Years and two children later, I have had struggles with blood pressure in my second pregnancy, I put on weight as you do in pregnancy, despite losing it all and more after my son, I am sat here after my daughter's birth feeling a lot bigger than I want to be. And what with a lot better availability, choice and quality in free from foods, I am giving it a try again. Another post I may detail the gluten free staples that have taken over from the wheat ones. A few weeks later I am noticeably losing the baby weight and feel so much healthier. and this time I think i can make at least a minimal gluten diet work!
BUT, and it is a big but, baking. Its the summer holidays and I need to do something with my school age boy! So we decided to try the experiment. Can you make cakes that rival the wheat based ones?
There are now things that weren't on the market in the 80's and 90's when dealing with allergy diets. First and foremost we embarked this experiment with Dove Farm's Gluten Free self raising flour as our base.
Now freely available in most large supermarkets. I picked mine up from my local Tescos. So, the base recipe. I actually used the one from their website, but is helpfully on the side of the packet. We only did a half batch I will note because it was an experiment, and with only one small boy and me to eat them, I didn't want to do too many at once! But the recipe is as follows for a full batch:
150g caster sugar
3 medium eggs
1/2 teaspoon of vanilla extract
150g of your chosen self raising flour
1 tablespoon of milk
Simply cream the butter and sugar together.
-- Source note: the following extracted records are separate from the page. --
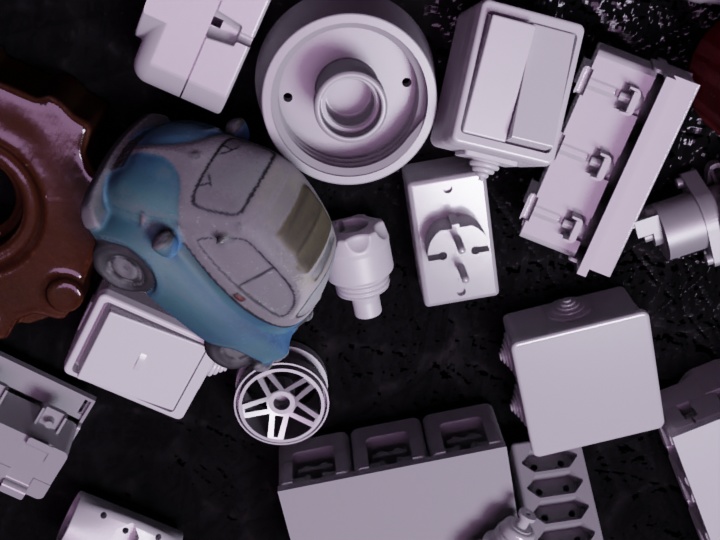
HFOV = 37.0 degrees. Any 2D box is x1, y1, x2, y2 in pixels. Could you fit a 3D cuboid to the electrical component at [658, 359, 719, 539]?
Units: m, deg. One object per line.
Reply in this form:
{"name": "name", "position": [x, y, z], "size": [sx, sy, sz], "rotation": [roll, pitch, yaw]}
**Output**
{"name": "electrical component", "position": [0.268, 0.139, 0.741], "size": [0.089, 0.061, 0.150], "rotation": [-23, 113, 6]}

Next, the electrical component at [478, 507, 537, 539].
{"name": "electrical component", "position": [0.091, 0.187, 0.693], "size": [0.040, 0.040, 0.078], "rotation": [21, 111, -12]}

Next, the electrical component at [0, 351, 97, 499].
{"name": "electrical component", "position": [-0.243, 0.092, 0.684], "size": [0.121, 0.063, 0.078], "rotation": [29, 109, -15]}

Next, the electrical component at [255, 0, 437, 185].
{"name": "electrical component", "position": [-0.007, -0.101, 0.616], "size": [0.108, 0.060, 0.108], "rotation": [-1, 114, -3]}

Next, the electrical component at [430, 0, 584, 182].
{"name": "electrical component", "position": [0.082, -0.097, 0.608], "size": [0.062, 0.061, 0.096], "rotation": [12, 93, -10]}

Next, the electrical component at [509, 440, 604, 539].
{"name": "electrical component", "position": [0.133, 0.167, 0.744], "size": [0.047, 0.083, 0.075], "rotation": [-8, 152, 0]}

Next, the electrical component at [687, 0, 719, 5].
{"name": "electrical component", "position": [0.215, -0.168, 0.616], "size": [0.061, 0.035, 0.035], "rotation": [5, 114, -9]}

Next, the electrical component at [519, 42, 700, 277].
{"name": "electrical component", "position": [0.143, -0.067, 0.636], "size": [0.063, 0.078, 0.121], "rotation": [22, 112, 4]}

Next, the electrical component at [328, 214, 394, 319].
{"name": "electrical component", "position": [0.000, 0.000, 0.671], "size": [0.043, 0.043, 0.062], "rotation": [-11, 115, 1]}

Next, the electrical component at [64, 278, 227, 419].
{"name": "electrical component", "position": [-0.128, 0.048, 0.674], "size": [0.096, 0.061, 0.061], "rotation": [25, 110, -14]}

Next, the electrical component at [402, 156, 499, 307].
{"name": "electrical component", "position": [0.057, -0.017, 0.649], "size": [0.047, 0.075, 0.083], "rotation": [-10, 114, 0]}

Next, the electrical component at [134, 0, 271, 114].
{"name": "electrical component", "position": [-0.086, -0.144, 0.595], "size": [0.059, 0.053, 0.095], "rotation": [23, 111, -13]}

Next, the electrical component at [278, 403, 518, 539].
{"name": "electrical component", "position": [0.026, 0.153, 0.731], "size": [0.150, 0.061, 0.089], "rotation": [-11, 114, 1]}

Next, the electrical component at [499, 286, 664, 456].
{"name": "electrical component", "position": [0.145, 0.065, 0.707], "size": [0.100, 0.048, 0.099], "rotation": [-14, 114, 2]}

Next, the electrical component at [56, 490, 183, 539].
{"name": "electrical component", "position": [-0.174, 0.203, 0.741], "size": [0.077, 0.043, 0.079], "rotation": [26, 85, -15]}
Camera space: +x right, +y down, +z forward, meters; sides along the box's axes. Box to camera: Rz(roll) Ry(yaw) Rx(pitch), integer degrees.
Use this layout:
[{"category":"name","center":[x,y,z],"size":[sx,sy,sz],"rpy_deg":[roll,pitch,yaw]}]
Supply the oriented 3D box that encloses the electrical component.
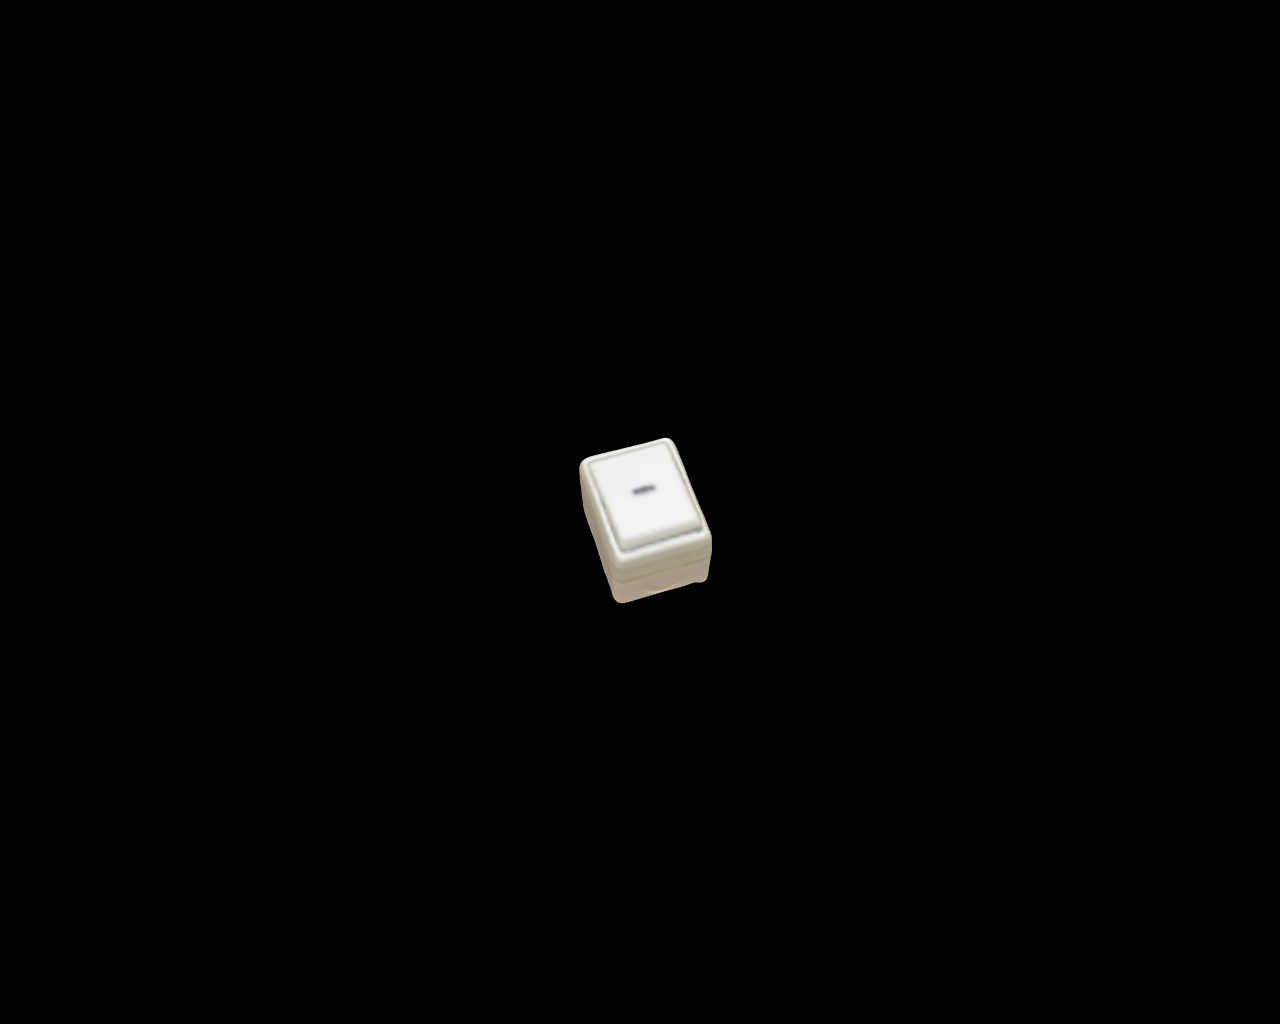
[{"category":"electrical component","center":[0.001,-0.003,0.650],"size":[0.062,0.096,0.061],"rpy_deg":[-15,-32,-9]}]

Beat in the eggs and vanilla
Beat in flour and milk
Spoon into cases and cook for 10-12 minutes at 180 degrees in a fan oven (200 degrees in a conventional oven)
I half filled silicone cake cases and cooked for 12 minutes which yielded these beautifully risen cakes:
While they cooled I raided my cupboard for a raft of decorating options for my lovely son to choose from:
Please note that this post has not been endorsed by any brand I am only showing what I chose to use of my own free will from in my cupboards
Once they had cooled I removed them from the silicone cases and into paper ones to make decorating easier. My little pirate chose the can of easy swirl icing (which only does ten cakes as stated on the can, just be aware its not a cheap icing solution but an easy one), chocolate beans and sugar confetti. So I swirled and he decorated.
Its serious business this cake decorating, and definitely requires a pirate hat! Between us we wound up with this little bevy of beauties:
I don't think we did bad at all. And the verdict?
Neither the pirate or I noticed a single difference between an ordinary fairy cake. Honestly, there were none! Its a fantastic replacement flour and will live in my cupboard from now on.
On another allergy note, I have not tried it, but I am reliably informed that if you need to be dairy free as well, you could replace the butter with hard margarine such as stork, and almond milk to replace the cows milk. So give it a try and enjoy!